Exercise aim
Omit all pictures. Reproduce exactly the lines from the first line of the records below through the line with "List each element's".

Extracted records
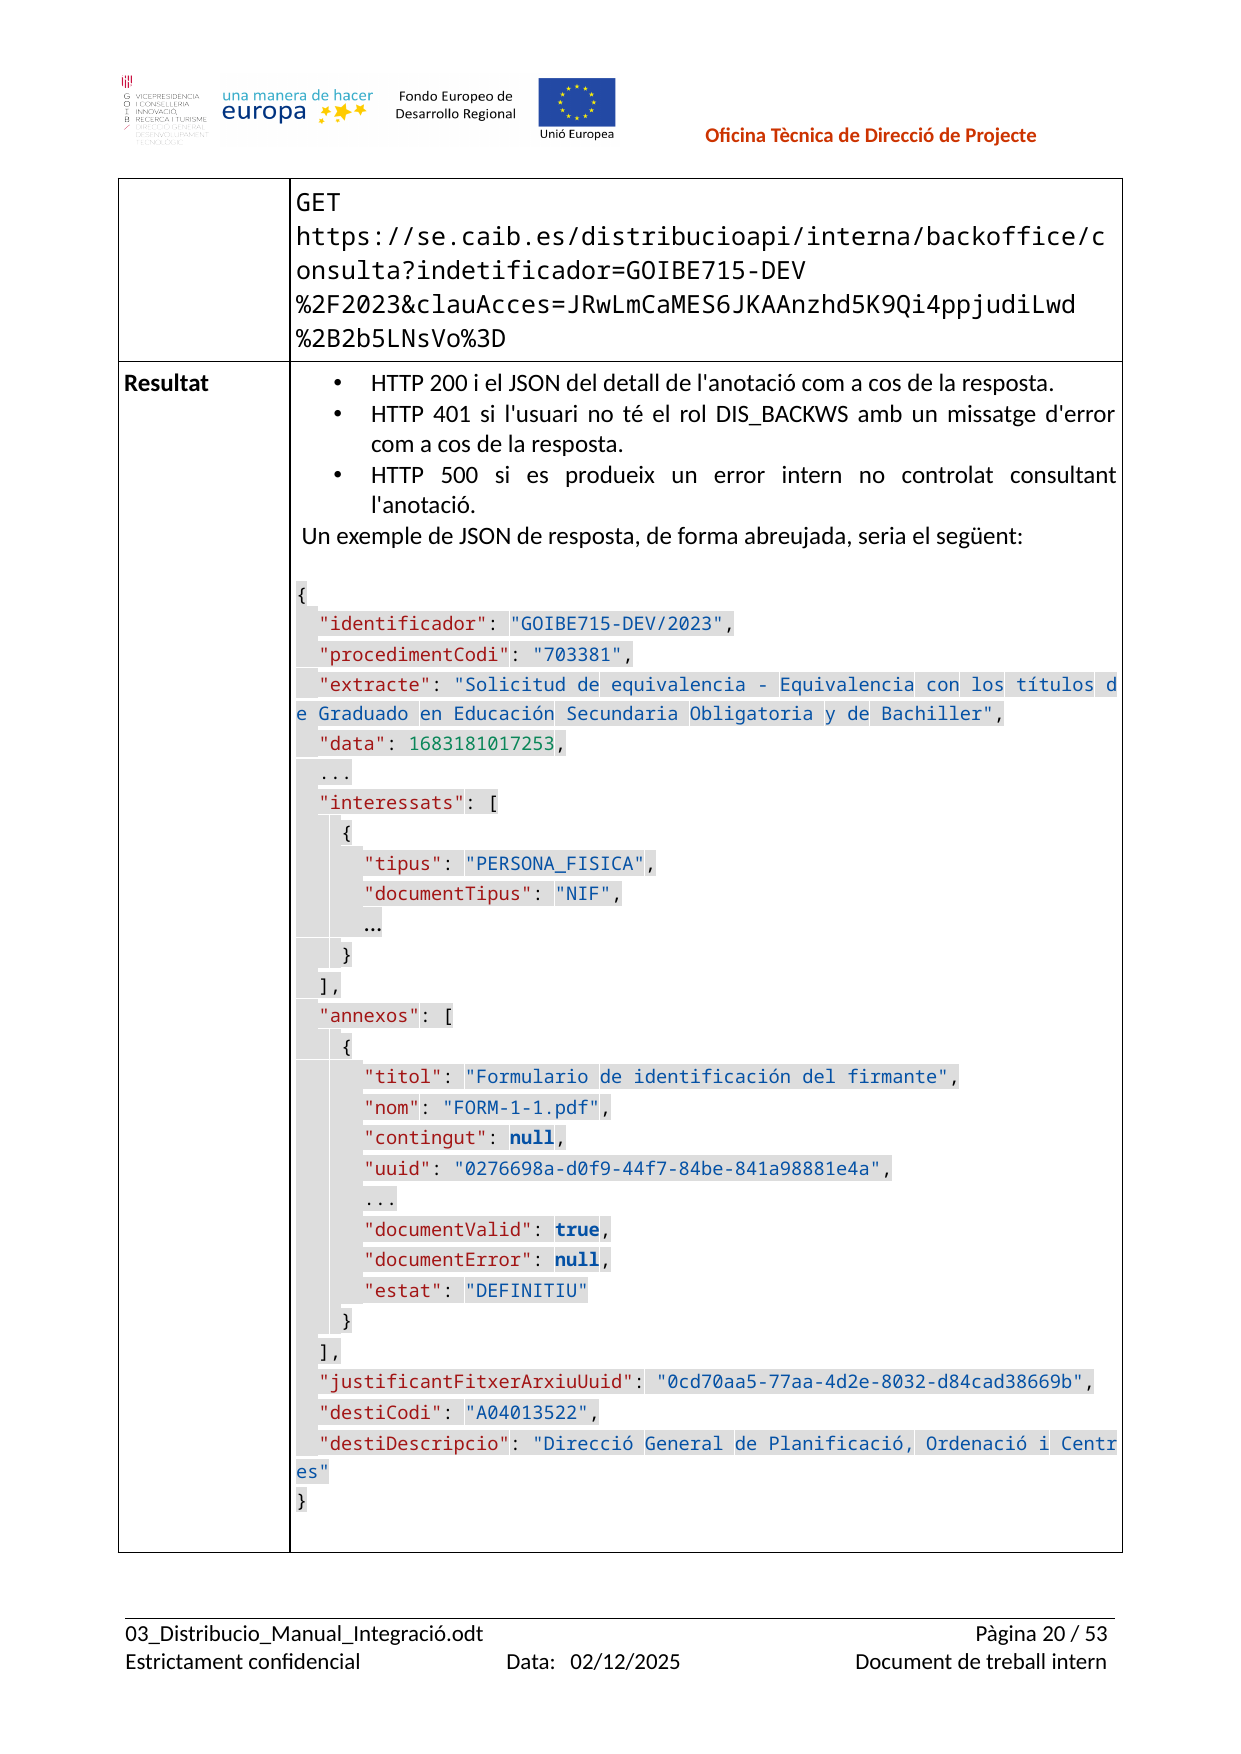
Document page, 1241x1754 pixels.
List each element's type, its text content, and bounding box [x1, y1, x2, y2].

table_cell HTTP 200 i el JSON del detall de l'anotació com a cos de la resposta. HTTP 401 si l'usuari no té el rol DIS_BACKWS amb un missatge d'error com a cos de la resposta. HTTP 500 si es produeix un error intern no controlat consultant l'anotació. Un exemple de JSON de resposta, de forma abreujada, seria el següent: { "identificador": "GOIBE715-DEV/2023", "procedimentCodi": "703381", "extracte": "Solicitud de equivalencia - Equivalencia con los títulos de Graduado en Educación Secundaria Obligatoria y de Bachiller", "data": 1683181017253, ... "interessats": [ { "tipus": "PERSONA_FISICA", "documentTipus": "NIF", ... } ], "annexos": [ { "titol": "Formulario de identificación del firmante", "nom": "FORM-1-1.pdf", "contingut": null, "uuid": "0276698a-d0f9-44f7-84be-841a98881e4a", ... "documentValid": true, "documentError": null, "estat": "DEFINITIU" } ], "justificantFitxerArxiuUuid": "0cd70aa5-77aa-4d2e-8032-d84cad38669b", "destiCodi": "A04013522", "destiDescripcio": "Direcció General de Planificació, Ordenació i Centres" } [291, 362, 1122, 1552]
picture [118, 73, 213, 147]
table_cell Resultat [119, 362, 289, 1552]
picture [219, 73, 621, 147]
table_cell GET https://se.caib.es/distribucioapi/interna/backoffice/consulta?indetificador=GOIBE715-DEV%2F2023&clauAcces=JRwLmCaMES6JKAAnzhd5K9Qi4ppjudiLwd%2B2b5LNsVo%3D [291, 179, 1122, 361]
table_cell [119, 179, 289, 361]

Task solution
Document page, 1241x1754 pixels.
List each element's type, its text content, and bounding box [x1, y1, x2, y2].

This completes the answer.